The Zwinger Palace is at Sophienstrasse 01067. The Schlosserland Sachen is at Stauffenbergallee 2 a 01099.

Top tour: Zwinger Dresden Entry Ticket.

7- Bonn

Cityscape Of Bonn And River Rhine
Bonn is one of the music cities in Germany to visit.

Bonn’s status as the capital of West Germany from 1949 until 1990 ended when Berlin became the capital of a unified country.

It sits on the Rhine and is famous for being the birthplace of Beethoven so it makes sense to visit Beethoven House, which is a memorial and museum dedicated to the composer.

Close to Beethoven House, you will find Bonn Munster, one of Germany’s oldest churches, built between the 11th and 13th centuries.

It has a Romanesque cloister and Gothic touches.

The centre of local life is Munsterplatz, a large town square with a Beethoven statue in the centre and the Bonner Munster cathedral with five towering spires on one side of the square.

Munsterplatz is the perfect place to sit in one of the cafes and watch life go by.

The Poppelsdorf Palace was built as a summer palace for the prince-electors of Cologne in the 18th century.

It is now part of the University of Bonn but also houses two museums, the Mineralogical Museum and the Zoological Museum.

Beethoven House is at Bonngasse 22 -24 53111. Poppelsdorf Palace is at Meckenheimer Allee 171 53115.

8- Nuremberg

Panoramic View Of Historic Old City Of Nuremberg Nurnberg
Nuremberg is one of the most famous cities in Germany for the Nuremberg trials.

Nuremberg in Bavaria dates back to the Roman Empire and is encircled by a wall built at that time.

However, it is more famously known for the Nuremberg Trials, 13 trials that were held between 1945 and 1949 to bring Nazi war criminals to justice.

Nuremberg Castle, built around 1050, is one of the highlights of Nuremberg.

You can tour the castle and visit the Imperial Hall, rose gardens and an impressive well in the grounds plunging 48 metres (158 feet) into the earth.

The Hauptmarkt is the centre of life in the city. Here you will find Nuremberg’s only Baroque Church, St Giles Church and the Schoner Brunnen, a 14th-century fountain with 40 figures representing the Roman Empire.

It is 19 metres (62 feet) high and is built in the Gothic style.

Locals say that if you turn the golden ring and make a wish, it will come true.

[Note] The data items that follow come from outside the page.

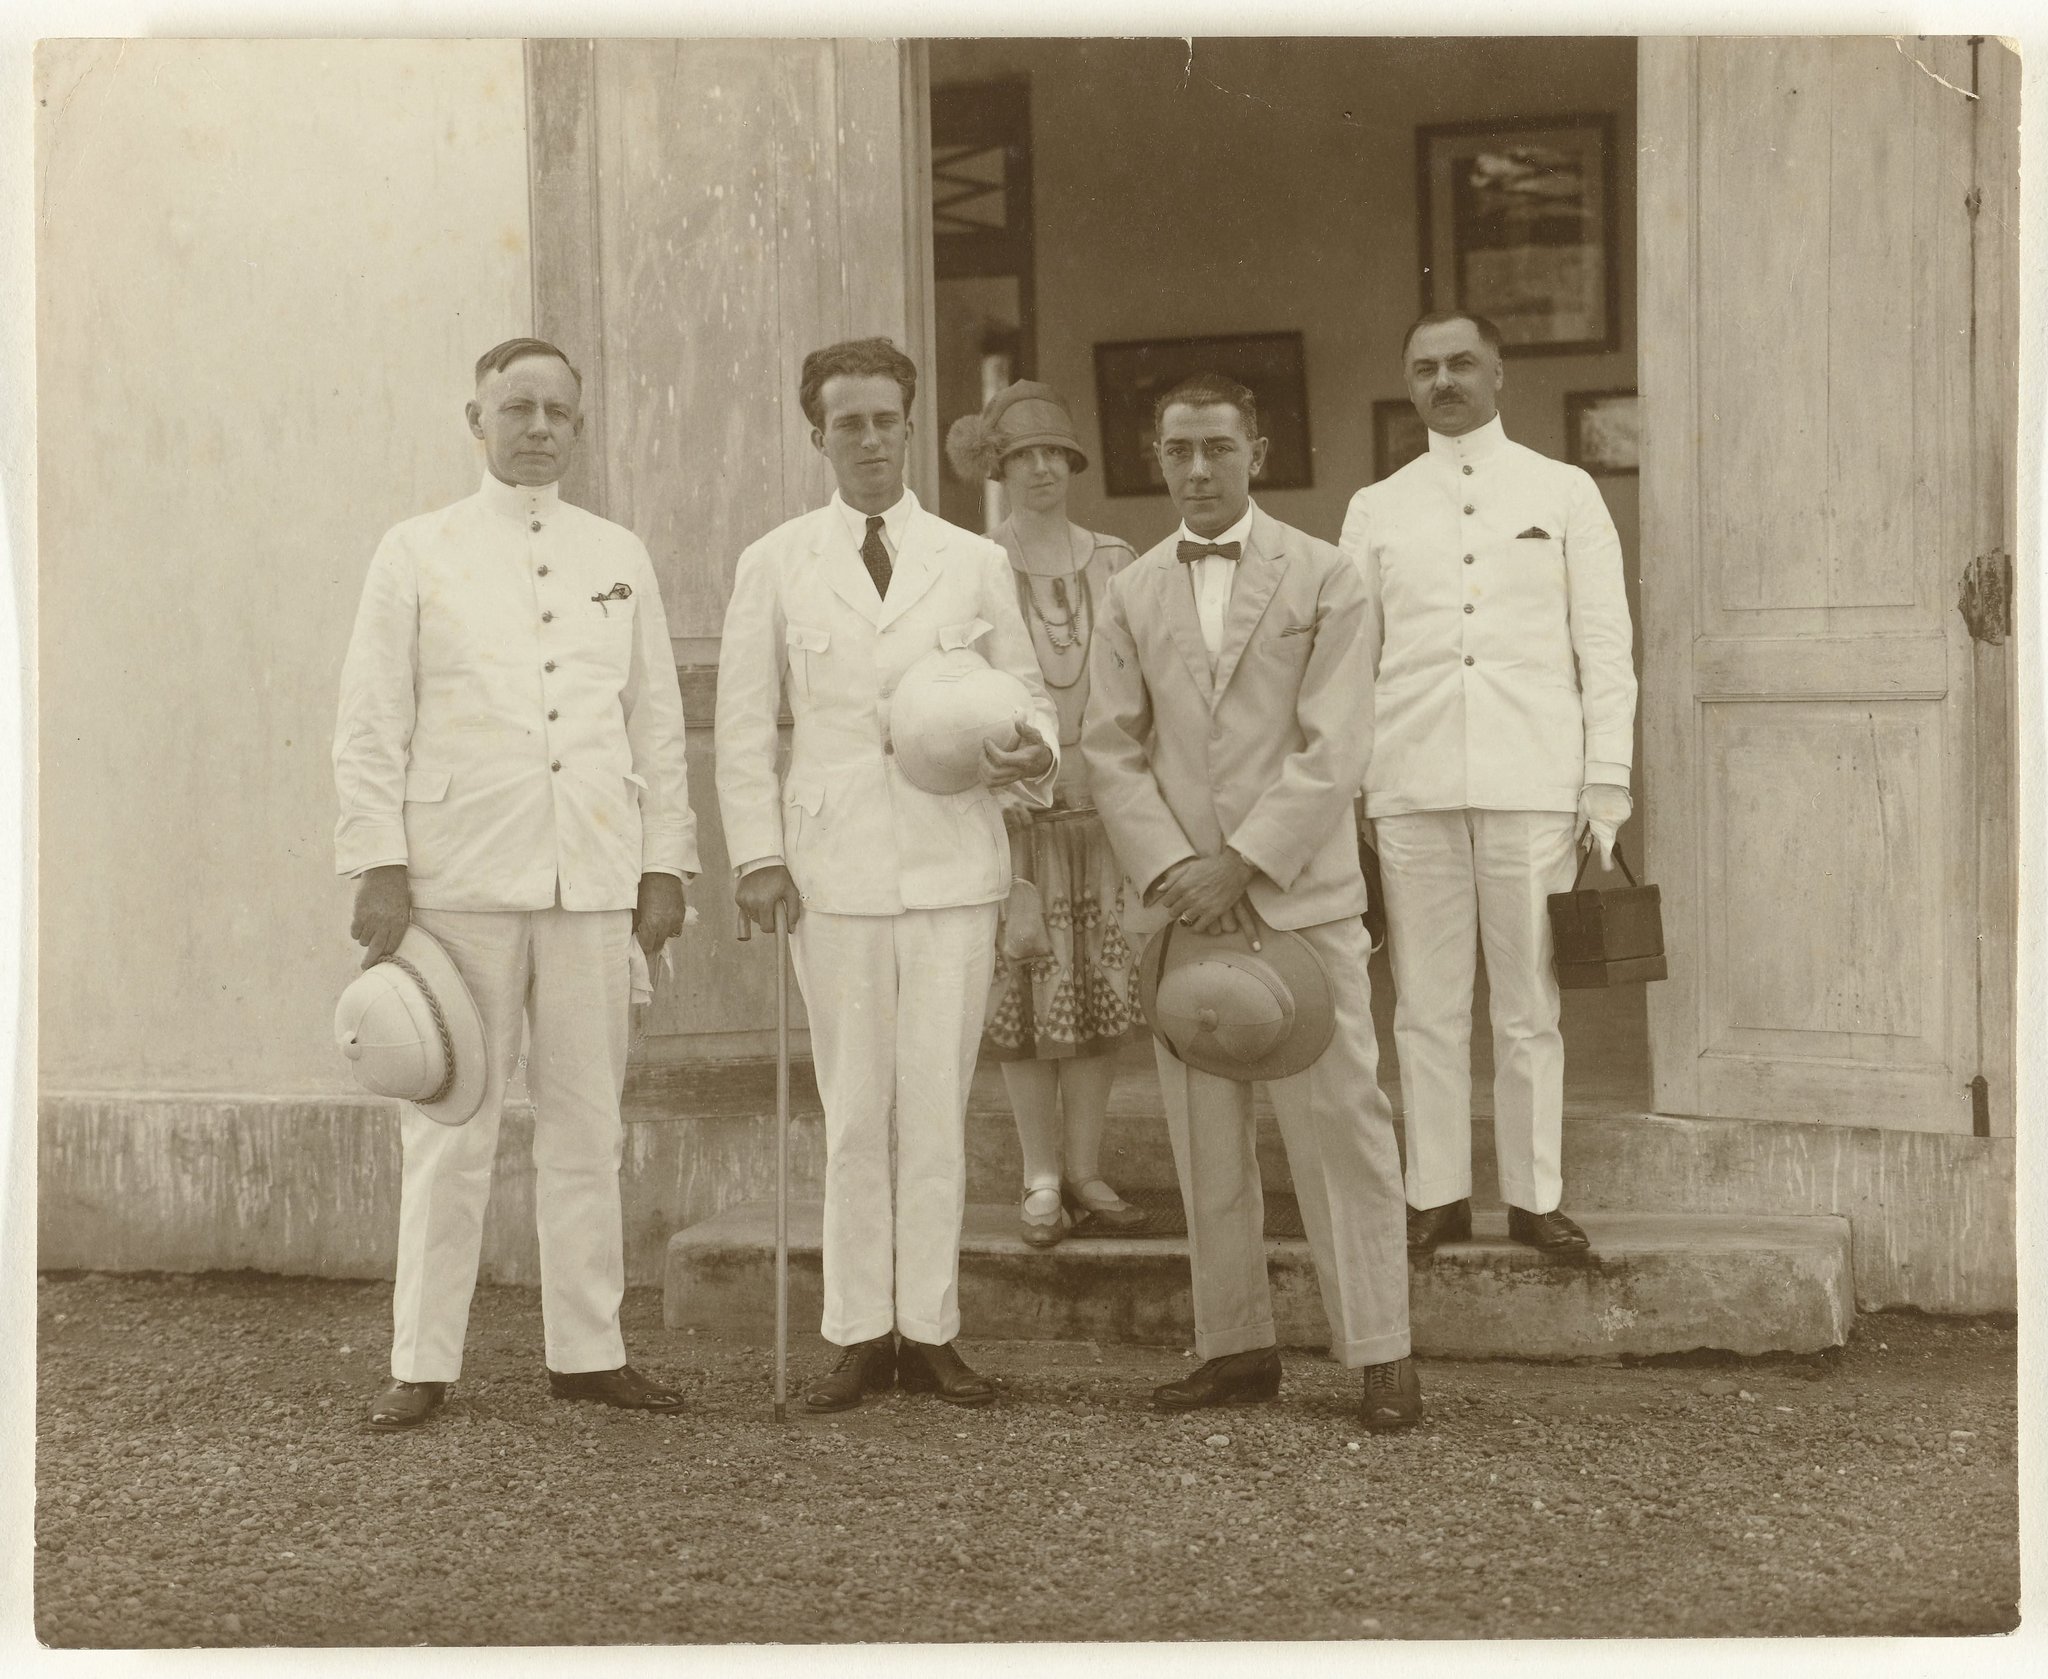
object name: photograph
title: Ontvangst van de Belgische kroonprins Leopold
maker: Anonymous
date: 1929
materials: photographic support
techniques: photography
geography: dutch east indies
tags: brussels, historical persons, dutch east indies, the
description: Ontvangst van de Belgische kroonprins Leopold met onder andere het echtpaar Letterie.

Try it and see!

The best gingerbread is made here, so don’t leave without trying a piece.

Nuremberg Castle is at Burg 17 90403.

9- Stuttgart

aerial view of Stuttgart City with hills in the background
Stuttgart is one of the larger cities in Germany by population.

Stuttgart is on the Neckar River next to the Black Forest, where the Black Forest Gateau was invented.

You are sure to find this delicious treat in one of the many cafes in the city.

Stuttgart is a manufacturing hub, and Mercedes-Benz and Porsche have headquarters here and museums for car buffs.

Despite this, there are plenty of green spaces in the city.

Wilhelma Zoo and Botanical Gardens are in Stuttgart, home to 11,500 animals representing 1,200 species.

If you have children, they will love it here.

Rosenstein Castle, built between 1822 to 1830 for King Wilhelm 1 of Wurttemberg, now houses the State Museum of Natural History and is well worth a visit.

If you want to shop ‘til you drop, head to Konigstrasse in the modern part of the city.

You will find boutiques, trendy restaurants, and an exciting nightlife scene here.

Wilhelma Zoo and Botanical Gardens are at Wilhelma 13 70736. Rosenstein Palace is at Rosenstein 1 70191.

10- Frankfurt

Aerial Drone View Of Frankfurt Am Main
Frankfurt is one of the best cities in Germany to visit for both old and new.

Frankfurt is on the river Main and is an important financial city, home to the European Central Bank. Much of the city was damaged during WWII but has been rebuilt.

Johann Wolfgang Van Goethe was born in Stuttgart, the writer of many plays, including ‘Faust’. You can visit the Goethe House Museum, where the Goethe family lived.

A highlight of Stuttgart is the astronomical clock in the city centre.

Germany has an excellent reputation for constructing clocks and this one is no exception.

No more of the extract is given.